▶ [Action item]
In the records that follow, find the line with "outline: (-731.16, -238.48)"; from there, retype every line exactly through the line with "line 3: y = -248.48 to 201.52", which also belongs to the answer.

▶ [Entries shown]
◇ ◇ ◇ ◇ ◇ ◇ ◇

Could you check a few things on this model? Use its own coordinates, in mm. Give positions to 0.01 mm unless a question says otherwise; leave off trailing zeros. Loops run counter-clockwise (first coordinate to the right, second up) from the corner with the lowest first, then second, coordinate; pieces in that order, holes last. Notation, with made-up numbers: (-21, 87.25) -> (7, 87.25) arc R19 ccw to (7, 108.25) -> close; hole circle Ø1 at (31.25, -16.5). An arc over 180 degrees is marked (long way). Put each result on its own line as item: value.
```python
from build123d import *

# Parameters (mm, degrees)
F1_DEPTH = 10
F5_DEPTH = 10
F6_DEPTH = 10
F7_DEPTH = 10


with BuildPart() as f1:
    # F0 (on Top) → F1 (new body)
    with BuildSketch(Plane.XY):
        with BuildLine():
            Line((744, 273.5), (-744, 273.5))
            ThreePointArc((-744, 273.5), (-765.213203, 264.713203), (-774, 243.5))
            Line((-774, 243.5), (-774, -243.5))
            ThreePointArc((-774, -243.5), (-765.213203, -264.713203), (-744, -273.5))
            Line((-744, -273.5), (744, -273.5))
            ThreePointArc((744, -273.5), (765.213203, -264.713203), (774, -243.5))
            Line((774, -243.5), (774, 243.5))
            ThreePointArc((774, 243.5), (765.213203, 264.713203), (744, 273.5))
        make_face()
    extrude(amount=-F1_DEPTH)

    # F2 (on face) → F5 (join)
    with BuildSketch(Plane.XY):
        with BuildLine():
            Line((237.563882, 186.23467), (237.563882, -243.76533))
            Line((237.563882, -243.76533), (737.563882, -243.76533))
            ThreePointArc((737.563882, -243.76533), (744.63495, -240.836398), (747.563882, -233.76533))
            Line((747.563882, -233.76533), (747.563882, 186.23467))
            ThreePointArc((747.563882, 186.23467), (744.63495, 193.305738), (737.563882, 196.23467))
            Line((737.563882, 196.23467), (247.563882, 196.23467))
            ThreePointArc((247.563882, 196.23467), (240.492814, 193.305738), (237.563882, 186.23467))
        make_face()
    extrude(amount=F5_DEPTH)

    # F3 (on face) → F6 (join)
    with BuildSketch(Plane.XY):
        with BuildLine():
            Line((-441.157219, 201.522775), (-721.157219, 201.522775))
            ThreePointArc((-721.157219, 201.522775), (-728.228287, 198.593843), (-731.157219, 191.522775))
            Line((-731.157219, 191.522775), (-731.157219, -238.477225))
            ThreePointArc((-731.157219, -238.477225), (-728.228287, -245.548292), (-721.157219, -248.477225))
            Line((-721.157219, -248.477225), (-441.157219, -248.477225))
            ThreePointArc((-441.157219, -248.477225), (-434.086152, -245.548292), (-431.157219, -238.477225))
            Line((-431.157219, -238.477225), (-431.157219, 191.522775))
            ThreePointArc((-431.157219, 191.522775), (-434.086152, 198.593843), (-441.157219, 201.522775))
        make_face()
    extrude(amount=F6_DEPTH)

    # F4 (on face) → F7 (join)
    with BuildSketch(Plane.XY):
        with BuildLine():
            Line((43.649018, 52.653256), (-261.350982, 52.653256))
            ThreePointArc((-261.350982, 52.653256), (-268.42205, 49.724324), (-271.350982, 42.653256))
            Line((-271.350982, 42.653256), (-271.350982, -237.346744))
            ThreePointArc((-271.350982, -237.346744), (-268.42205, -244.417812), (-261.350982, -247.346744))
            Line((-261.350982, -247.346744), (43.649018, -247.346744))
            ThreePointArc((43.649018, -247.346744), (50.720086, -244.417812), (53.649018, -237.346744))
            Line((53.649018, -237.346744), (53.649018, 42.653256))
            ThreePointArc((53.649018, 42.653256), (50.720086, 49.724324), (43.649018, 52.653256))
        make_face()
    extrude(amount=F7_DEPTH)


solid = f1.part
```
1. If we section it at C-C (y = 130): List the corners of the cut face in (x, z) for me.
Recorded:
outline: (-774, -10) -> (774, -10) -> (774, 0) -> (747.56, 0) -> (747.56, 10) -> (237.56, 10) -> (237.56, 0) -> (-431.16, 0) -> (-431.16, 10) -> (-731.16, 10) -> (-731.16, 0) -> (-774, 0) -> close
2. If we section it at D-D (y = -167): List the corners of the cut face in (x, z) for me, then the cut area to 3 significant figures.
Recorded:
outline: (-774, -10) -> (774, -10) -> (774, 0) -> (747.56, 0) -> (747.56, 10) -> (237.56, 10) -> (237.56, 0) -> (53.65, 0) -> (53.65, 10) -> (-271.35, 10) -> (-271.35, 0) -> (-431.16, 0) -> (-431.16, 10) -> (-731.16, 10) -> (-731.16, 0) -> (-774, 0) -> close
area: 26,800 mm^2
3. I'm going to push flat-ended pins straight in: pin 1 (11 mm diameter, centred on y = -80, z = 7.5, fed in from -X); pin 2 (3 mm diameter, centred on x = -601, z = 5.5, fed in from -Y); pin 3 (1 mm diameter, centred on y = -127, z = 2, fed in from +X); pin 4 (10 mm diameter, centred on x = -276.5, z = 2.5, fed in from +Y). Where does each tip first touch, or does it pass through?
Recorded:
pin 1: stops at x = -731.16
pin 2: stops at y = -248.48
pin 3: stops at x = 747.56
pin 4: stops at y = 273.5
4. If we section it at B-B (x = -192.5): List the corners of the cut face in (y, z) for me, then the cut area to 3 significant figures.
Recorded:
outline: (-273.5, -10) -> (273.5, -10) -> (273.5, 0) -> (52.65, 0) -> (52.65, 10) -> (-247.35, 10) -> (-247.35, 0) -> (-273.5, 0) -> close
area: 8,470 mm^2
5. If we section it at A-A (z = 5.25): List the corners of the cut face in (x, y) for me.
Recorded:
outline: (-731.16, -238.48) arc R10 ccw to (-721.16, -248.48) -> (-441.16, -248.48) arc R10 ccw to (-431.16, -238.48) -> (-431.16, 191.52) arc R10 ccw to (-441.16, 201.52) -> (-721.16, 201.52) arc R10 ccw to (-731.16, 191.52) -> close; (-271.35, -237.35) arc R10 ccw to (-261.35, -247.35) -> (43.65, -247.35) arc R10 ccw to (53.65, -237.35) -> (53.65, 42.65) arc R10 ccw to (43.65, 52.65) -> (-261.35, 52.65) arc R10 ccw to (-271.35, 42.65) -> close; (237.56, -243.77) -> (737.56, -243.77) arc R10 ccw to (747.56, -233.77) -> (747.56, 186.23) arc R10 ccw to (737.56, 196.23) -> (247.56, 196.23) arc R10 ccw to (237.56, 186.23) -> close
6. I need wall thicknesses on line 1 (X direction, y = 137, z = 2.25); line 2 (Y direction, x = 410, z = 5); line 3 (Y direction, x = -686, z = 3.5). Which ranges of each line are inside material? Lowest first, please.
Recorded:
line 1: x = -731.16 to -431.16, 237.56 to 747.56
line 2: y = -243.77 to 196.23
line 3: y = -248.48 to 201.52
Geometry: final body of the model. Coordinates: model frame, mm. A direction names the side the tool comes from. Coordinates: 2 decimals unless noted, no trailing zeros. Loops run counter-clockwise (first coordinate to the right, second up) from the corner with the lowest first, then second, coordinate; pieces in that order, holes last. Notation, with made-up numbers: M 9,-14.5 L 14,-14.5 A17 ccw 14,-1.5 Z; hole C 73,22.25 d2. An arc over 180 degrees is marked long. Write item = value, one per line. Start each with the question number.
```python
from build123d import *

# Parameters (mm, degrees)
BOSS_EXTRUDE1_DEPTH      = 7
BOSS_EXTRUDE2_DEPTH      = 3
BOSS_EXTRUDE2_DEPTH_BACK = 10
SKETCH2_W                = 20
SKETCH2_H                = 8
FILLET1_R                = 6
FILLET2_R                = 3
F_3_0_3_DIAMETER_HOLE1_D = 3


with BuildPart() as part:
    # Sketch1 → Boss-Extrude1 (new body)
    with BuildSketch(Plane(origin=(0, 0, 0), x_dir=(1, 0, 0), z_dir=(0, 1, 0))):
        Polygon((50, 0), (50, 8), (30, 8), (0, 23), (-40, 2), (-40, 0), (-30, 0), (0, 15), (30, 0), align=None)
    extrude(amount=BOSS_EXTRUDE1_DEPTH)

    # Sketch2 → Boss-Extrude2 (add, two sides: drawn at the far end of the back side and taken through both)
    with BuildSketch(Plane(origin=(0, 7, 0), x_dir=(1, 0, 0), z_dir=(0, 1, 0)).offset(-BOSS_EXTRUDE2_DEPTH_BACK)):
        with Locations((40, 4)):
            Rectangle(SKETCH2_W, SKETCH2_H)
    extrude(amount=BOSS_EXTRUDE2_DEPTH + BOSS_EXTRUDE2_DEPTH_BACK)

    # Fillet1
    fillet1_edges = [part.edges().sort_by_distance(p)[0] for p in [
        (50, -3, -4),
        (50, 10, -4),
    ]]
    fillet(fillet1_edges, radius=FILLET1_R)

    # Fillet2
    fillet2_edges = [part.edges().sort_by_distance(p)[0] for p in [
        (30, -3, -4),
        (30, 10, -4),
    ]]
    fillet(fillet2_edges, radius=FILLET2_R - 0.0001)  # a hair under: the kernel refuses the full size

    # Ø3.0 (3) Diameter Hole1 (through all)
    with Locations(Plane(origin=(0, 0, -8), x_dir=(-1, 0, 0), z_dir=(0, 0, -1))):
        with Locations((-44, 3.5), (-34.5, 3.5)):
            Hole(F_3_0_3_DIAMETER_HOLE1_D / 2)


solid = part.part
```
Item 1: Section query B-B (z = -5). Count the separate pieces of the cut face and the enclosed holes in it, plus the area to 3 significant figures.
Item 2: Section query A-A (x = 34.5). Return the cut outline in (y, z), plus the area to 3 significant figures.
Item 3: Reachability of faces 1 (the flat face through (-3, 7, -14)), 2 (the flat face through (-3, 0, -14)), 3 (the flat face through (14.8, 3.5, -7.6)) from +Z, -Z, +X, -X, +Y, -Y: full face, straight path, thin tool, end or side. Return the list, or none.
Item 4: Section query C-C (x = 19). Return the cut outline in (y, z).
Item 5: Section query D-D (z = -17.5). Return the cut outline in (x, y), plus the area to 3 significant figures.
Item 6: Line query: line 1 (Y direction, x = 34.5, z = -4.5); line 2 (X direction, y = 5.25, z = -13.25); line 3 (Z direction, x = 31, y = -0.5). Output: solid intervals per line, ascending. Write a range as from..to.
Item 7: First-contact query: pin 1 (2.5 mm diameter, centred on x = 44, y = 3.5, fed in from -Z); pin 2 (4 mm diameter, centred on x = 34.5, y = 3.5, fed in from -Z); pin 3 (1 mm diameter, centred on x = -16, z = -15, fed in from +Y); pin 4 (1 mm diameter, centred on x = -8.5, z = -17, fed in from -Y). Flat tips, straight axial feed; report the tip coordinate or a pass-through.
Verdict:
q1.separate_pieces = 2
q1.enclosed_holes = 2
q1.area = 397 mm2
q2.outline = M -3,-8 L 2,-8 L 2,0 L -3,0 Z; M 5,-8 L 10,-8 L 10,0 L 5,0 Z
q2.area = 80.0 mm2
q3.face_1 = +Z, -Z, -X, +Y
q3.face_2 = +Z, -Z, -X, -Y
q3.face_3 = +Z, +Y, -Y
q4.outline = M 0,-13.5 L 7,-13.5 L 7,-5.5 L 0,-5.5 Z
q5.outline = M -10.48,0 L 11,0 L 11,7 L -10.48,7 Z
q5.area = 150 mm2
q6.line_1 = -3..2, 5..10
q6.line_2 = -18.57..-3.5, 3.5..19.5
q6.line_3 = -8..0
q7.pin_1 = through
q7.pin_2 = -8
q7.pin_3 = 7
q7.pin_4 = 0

◇ ◇ ◇ ◇ ◇ ◇ ◇

▶ [Exercise solution]
outline: (-731.16, -238.48) arc R10 ccw to (-721.16, -248.48) -> (-441.16, -248.48) arc R10 ccw to (-431.16, -238.48) -> (-431.16, 191.52) arc R10 ccw to (-441.16, 201.52) -> (-721.16, 201.52) arc R10 ccw to (-731.16, 191.52) -> close; (-271.35, -237.35) arc R10 ccw to (-261.35, -247.35) -> (43.65, -247.35) arc R10 ccw to (53.65, -237.35) -> (53.65, 42.65) arc R10 ccw to (43.65, 52.65) -> (-261.35, 52.65) arc R10 ccw to (-271.35, 42.65) -> close; (237.56, -243.77) -> (737.56, -243.77) arc R10 ccw to (747.56, -233.77) -> (747.56, 186.23) arc R10 ccw to (737.56, 196.23) -> (247.56, 196.23) arc R10 ccw to (237.56, 186.23) -> close
6. I need wall thicknesses on line 1 (X direction, y = 137, z = 2.25); line 2 (Y direction, x = 410, z = 5); line 3 (Y direction, x = -686, z = 3.5). Which ranges of each line are inside material? Lowest first, please.
Recorded:
line 1: x = -731.16 to -431.16, 237.56 to 747.56
line 2: y = -243.77 to 196.23
line 3: y = -248.48 to 201.52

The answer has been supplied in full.